The Eye-Opener of 1939: Or How The World Saw the Nazi-Soviet Pact

George Watson considers how news of a political and moral bombshell was received, particularly by intellectuals on both the Left and the Right.

Cartoon by David Low, published in the Evening Standard on 21 October 1939.

In August 1939, Hitler astounded the world by signing a pact with Stalin, and the effects, diplomatic and ideological, were stupendous. An eye-opener, George Orwell called it, showing that ‘National Socialism is a form of socialism, is emphatically revolutionary’. The German and Soviet foreign ministers, von Ribbentrop and Molotov, signed a pact of friendship between their two countries on August 23rd, 1939, or rather in the early hours of 24th, and the world shuddered at the news. The Poles dug trenches, a wit in the Foreign Office remarked that all the Isms were Wasms, and panic struck the intellectual Left. It was as if a heart-beat had stopped. Then, a few days later, the greatest war in all history began.
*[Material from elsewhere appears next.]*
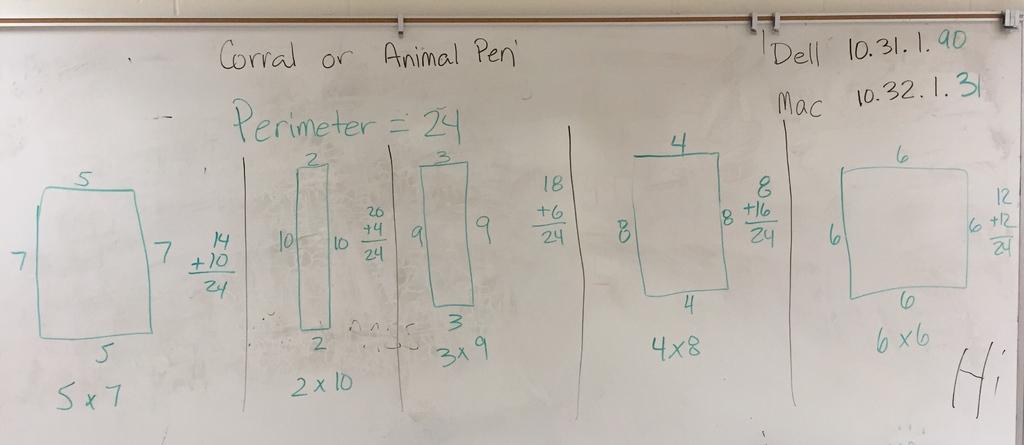Could you give a brief overview of what you see in this image? In this image we can see a board with some written words, numbers and boxes.

When Ribbentrop reported to Hitler the signing of a non-aggression pact with Stalin that secretly embodied the partition of Poland and the Baltic states, the news reached him in Berchtesgaden. Hitler was overjoyed. He ordered champagne and even, teetotaller though he was, put a glass to his lips. Then he hammered on the walls and shouted ‘Now Europe is mine – the others can have Asia’.